Ha raccontato, con linguaggio appropriato (tutti i congiuntivi al posto giusto) sicurezza e una buona dose di humor, la sua esperienza di promotore -erogatore di formazione online libera, gratuita, informale. Il progetto è OIL (acronimo di Open Informatic Learning, ) OILproject è una community che organizza, eroga, crea repository di lezioni intorno all’informatica.
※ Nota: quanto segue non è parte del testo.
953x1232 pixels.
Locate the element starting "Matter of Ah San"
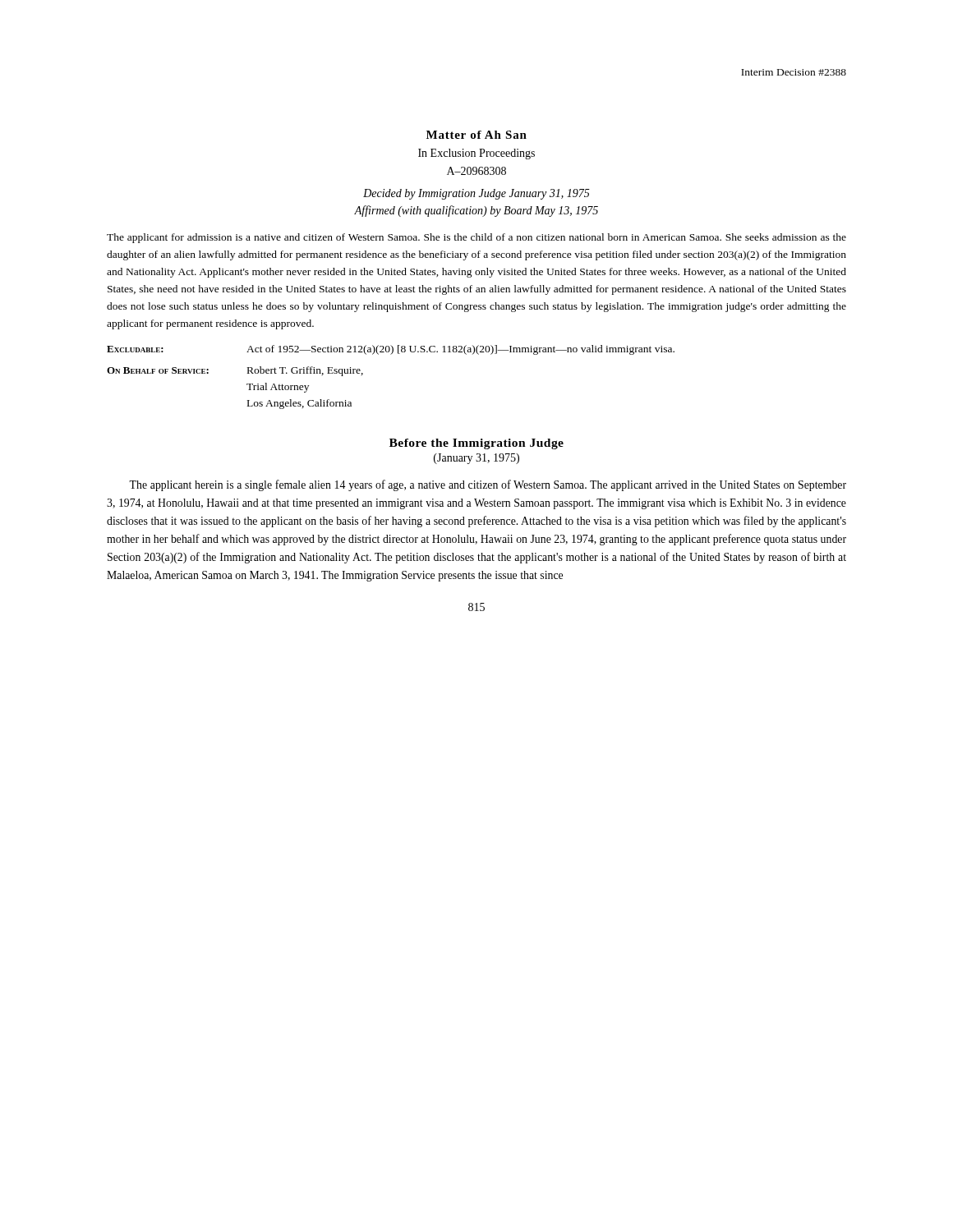[x=476, y=135]

Sono lezioni in chat che si avvalgono anche del contributo di professionisti che prestano opera gratuitamente in chat vocali. L’audio viene registrato e messo in rete per il download. Mentre il mondo accademico si interroga sull’ open e free e-learning, qualcuno con tranquillità assoluta lo fa.
Il secondo nativo è Salvatore Aranzulla, un mito della rete. Vive in provincia di Catania, frequenta il liceo scientifico e ha una dimensione multitasking, poiché è studente e imprenditore di sé stesso.
Ha creato intorno alla sua persona un business unico. Dall’età di 14 anni eroga consigli e informazioni sulla sicurezza in rete, come non prendere virus, come proteggere il proprio PC. Ne ha fatto un’attività redditizia. Ora si occupa del canale tecnologico di Virgilio. E’ autore di un bestseller sulla sicurezza informatica. A dire il vero, a dirla tutta, mi ha molto colpita il suo pensiero che è, per certi versi, eticamente al limite. Salvatore ha infatti illustrato la sua politica di promozione della pubblicità sulla rete. Ha creato due luoghi con aste al ribasso e passaggio agli sponsor di profili dei suoi utenti per indirizzare la pubblicità su target specifici (queste info non le linko, perdonatemi). Ha impietosamente raccontato delle lezioni di informatica del suo liceo, in cui viene insegnato “Word” e “Explorer”. Prof di Salvatore, scusate: ma perchè non rovesciare la lezione e farla tenere da lui? Forza, coraggio, fate un passo indietro.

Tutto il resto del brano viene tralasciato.